5. Tenha um plano para o “não”
Um “não” hoje não precisa ser definitivo. Se a resposta for negativa, a pergunta mais útil a fazer é: “o que precisaria acontecer, e em quanto tempo, para revisarmos isso?” Sair da conversa com critérios claros e uma data de revisão marcada é um resultado bem melhor do que sair só com um “não” solto no ar, sem nenhum caminho definido daqui para frente.
Vale lembrar também que o pacote de benefícios pode ser negociado mesmo quando o salário-base não pode subir agora no momento — home office adicional, horário mais flexível ou um título de cargo mais alinhado com a função real às vezes entram como alternativa quando o orçamento da empresa está apertado. Registre por escrito, mesmo que num e-mail simples de agradecimento pela conversa, tudo o que ficou combinado — isso evita mal-entendido quando a data de revisão chegar.
Erros que enfraquecem o pedido, mesmo com bom desempenho
Alguns erros comuns derrubam até um pedido bem fundamentado. Comparar seu salário diretamente com o de um colega específico costuma soar mais como reclamação do que como argumento — o foco deve estar no seu próprio valor, não na comparação individual com quem senta ao seu lado. Pedir aumento logo depois de um erro recente também tende a enfraquecer a posição, mesmo que o erro não tenha relação direta com o pedido em si.
Outro erro frequente é levar a conversa para o campo emocional, listando frustrações acumuladas em vez de resultados concretos. Manter o tom profissional, mesmo quando a resposta demora ou vem incompleta, preserva a relação de trabalho e mantém a porta aberta para uma nova tentativa mais à frente, caso o “não” apareça dessa vez — o que, vale lembrar, acontece com bastante frequência mesmo em pedidos bem preparados, e não significa necessariamente que o argumento estava fraco.
Perguntas rápidas
- Vale usar contas pessoais como argumento para pedir aumento? Não é recomendado. O foco deve estar no valor que você gera para a empresa, não nas suas necessidades financeiras pessoais.
- Ameaçar pedir demissão ajuda a conseguir o aumento? Só use esse argumento se estiver genuinamente disposto a sair — usá-lo como blefe pode sair caro se a empresa aceitar a saída.
- De quanto em quanto tempo é razoável pedir um novo aumento? Não existe regra fixa, mas o intervalo mais comum gira em torno de 12 meses, alinhado ao ciclo de avaliação da empresa.
- Preciso ter uma proposta de outra empresa para negociar? Não é obrigatório, mas ter uma noção real do mercado (mesmo sem proposta formal) fortalece bastante a conversa e ajuda a chegar num número mais realista para apresentar durante a reunião.
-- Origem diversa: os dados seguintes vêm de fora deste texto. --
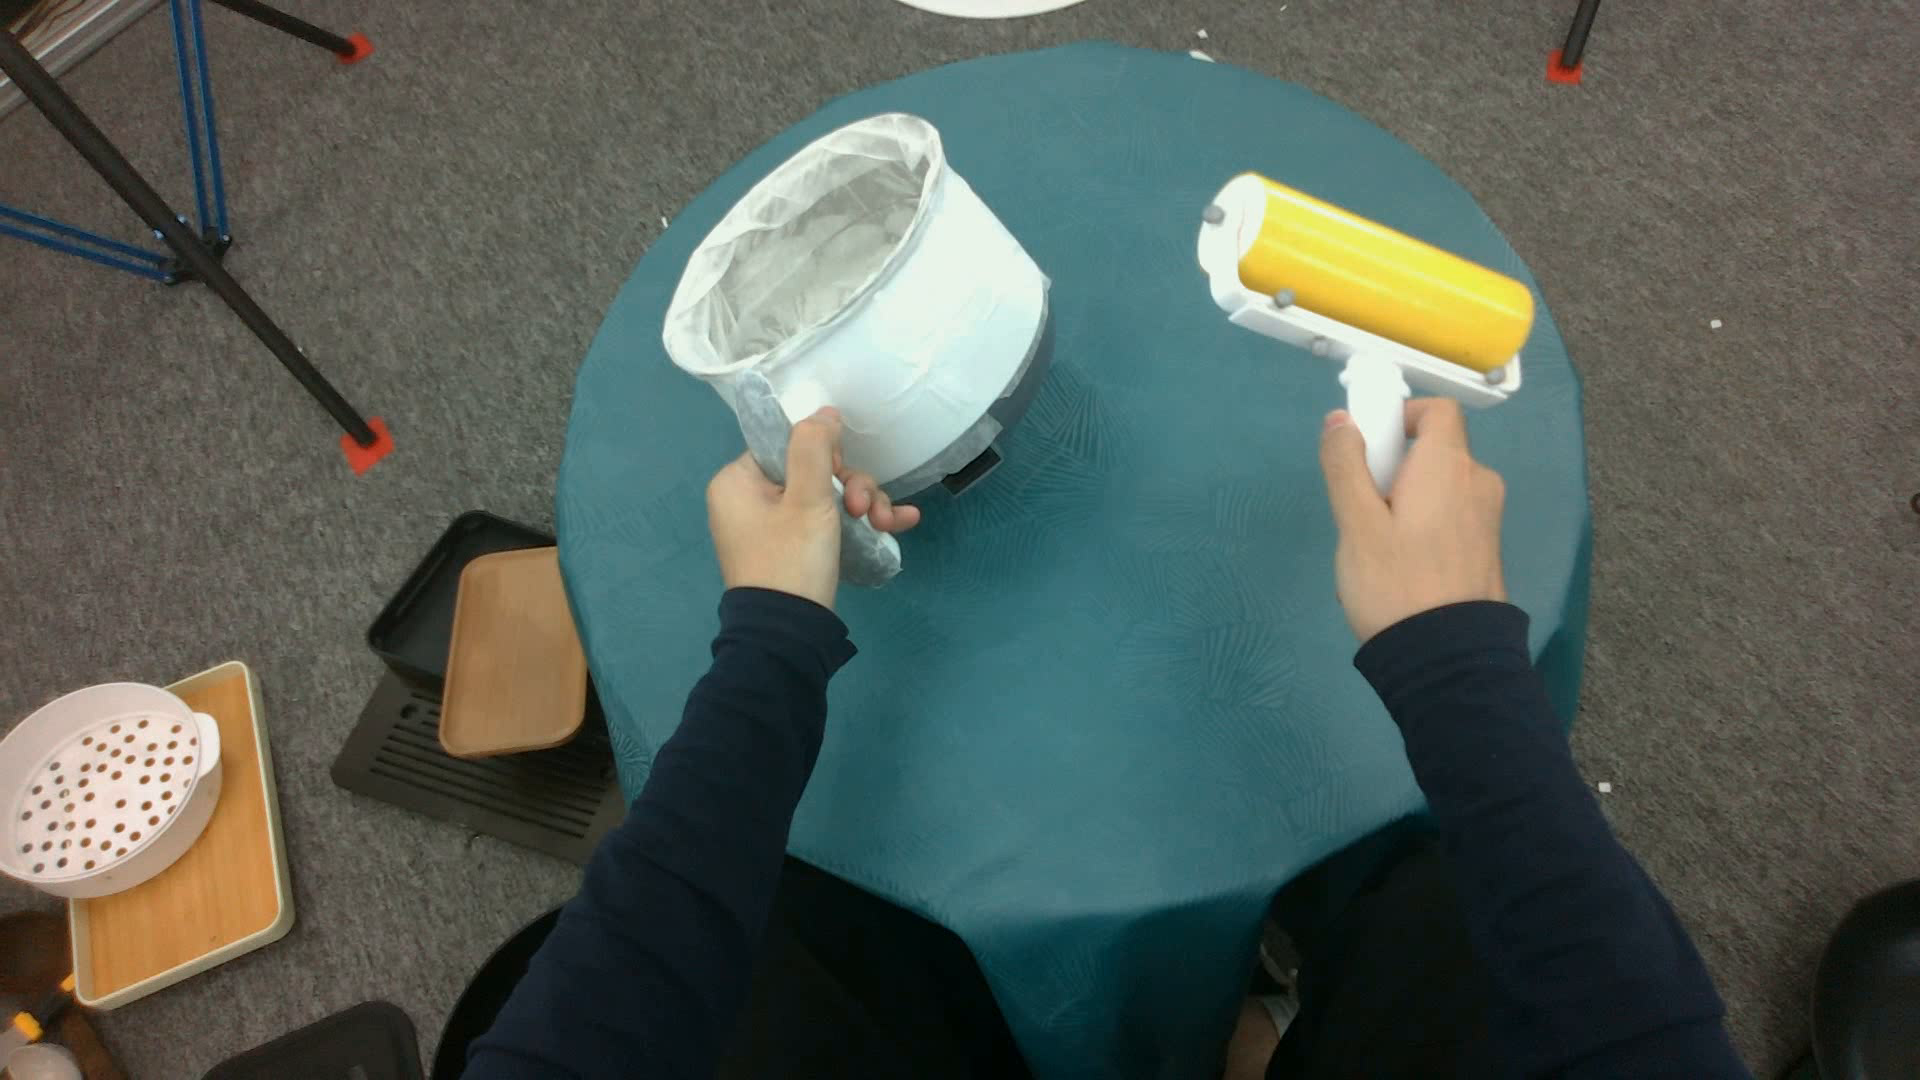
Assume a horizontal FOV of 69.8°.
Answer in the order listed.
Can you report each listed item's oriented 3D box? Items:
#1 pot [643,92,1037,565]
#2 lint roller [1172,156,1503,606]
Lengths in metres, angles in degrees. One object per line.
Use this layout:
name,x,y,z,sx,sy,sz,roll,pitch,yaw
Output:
pot,-0.062,-0.105,0.715,0.178,0.136,0.235,-19,42,31
lint roller,0.182,-0.067,0.605,0.174,0.051,0.193,12,57,-27

Nenhum desses passos garante o “sim” na primeira tentativa — mas juntos, eles trocam uma conversa baseada em esperança por uma conversa baseada em argumento. É essa diferença que costuma pesar mais na decisão do outro lado da mesa.
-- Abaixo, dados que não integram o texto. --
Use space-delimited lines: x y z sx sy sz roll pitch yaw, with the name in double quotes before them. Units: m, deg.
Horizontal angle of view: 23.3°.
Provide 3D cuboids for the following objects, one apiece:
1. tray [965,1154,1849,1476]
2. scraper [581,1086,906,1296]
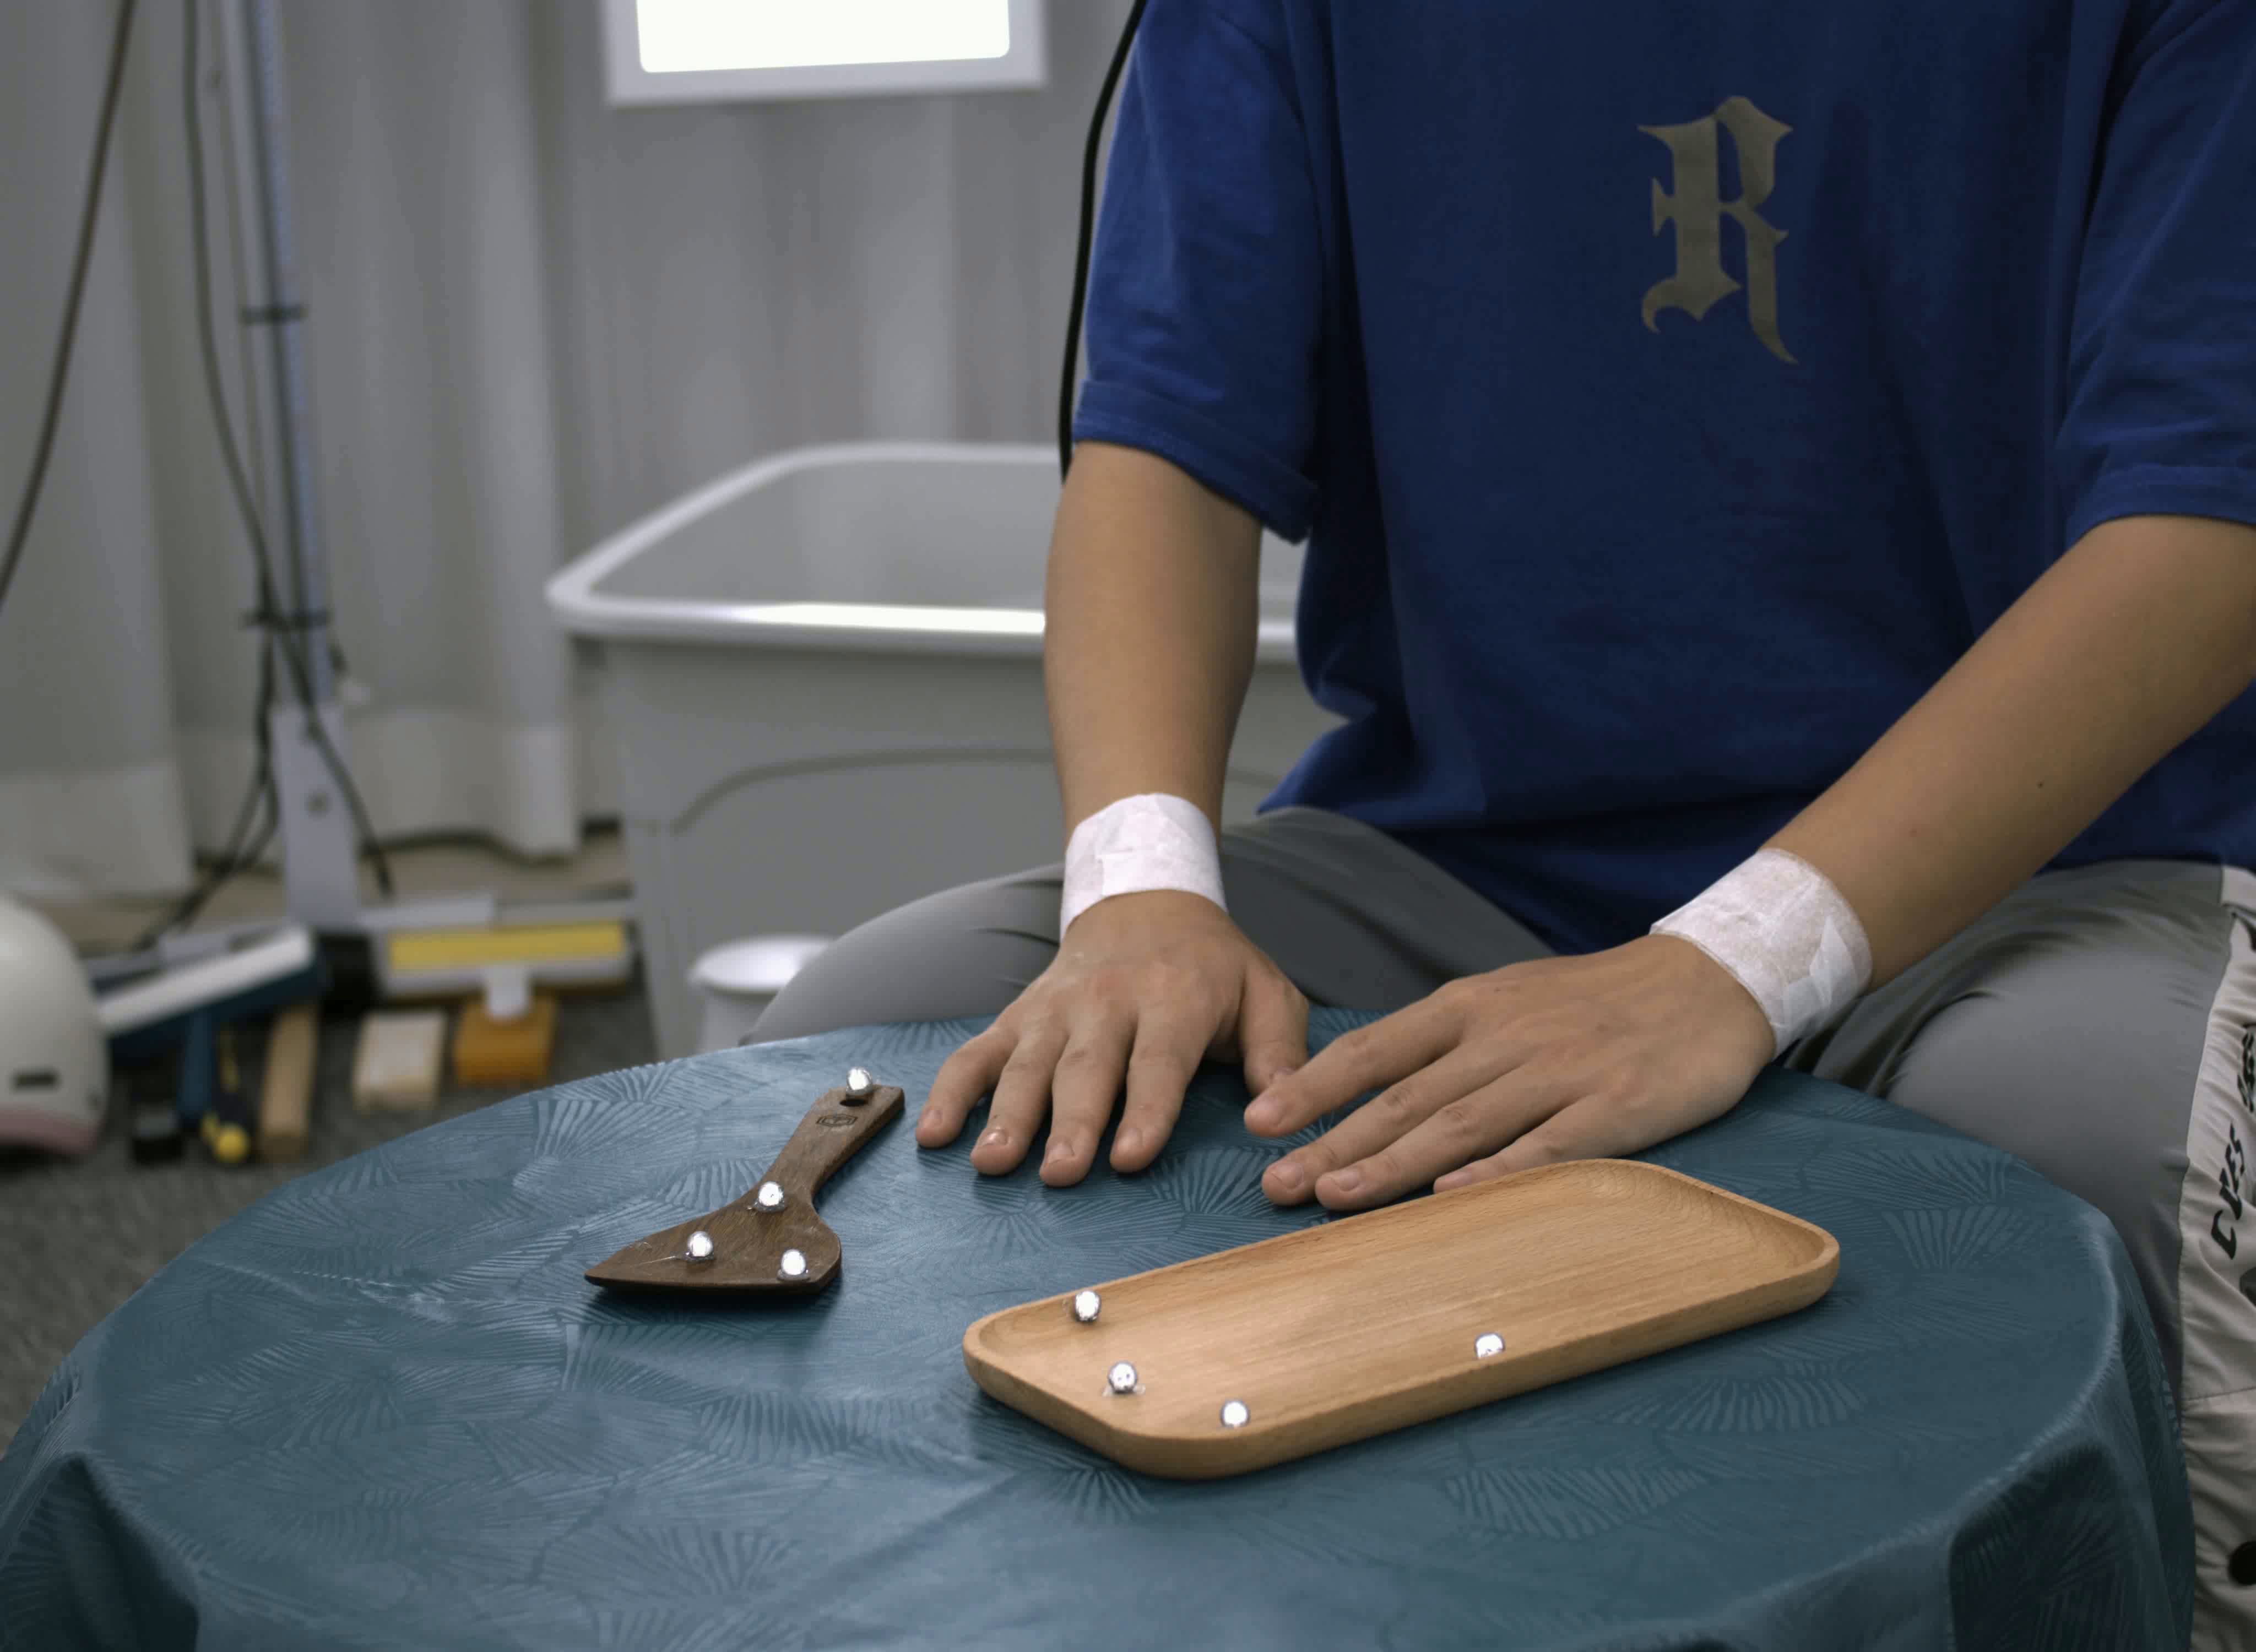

Vale lembrar que negociar salário é uma habilidade que se desenvolve com a prática, não um talento natural que algumas pessoas têm e outras não. Quem já passou por essa conversa algumas vezes tende a ficar mais confortável e mais eficaz a cada nova tentativa — o desconforto inicial é normal e tende a diminuir bastante depois da primeira experiência, seja qual for o resultado dela, positivo ou negativo.
O passo prático mais simples agora é abrir uma planilha ou caderno hoje mesmo e começar a registrar suas entregas, mesmo que a conversa sobre aumento ainda esteja longe. Quando o momento certo chegar, você já vai ter o argumento pronto, em vez de tentar montá-lo às pressas na véspera, sob pressão e com menos clareza sobre o que realmente foi entregue ao longo do período.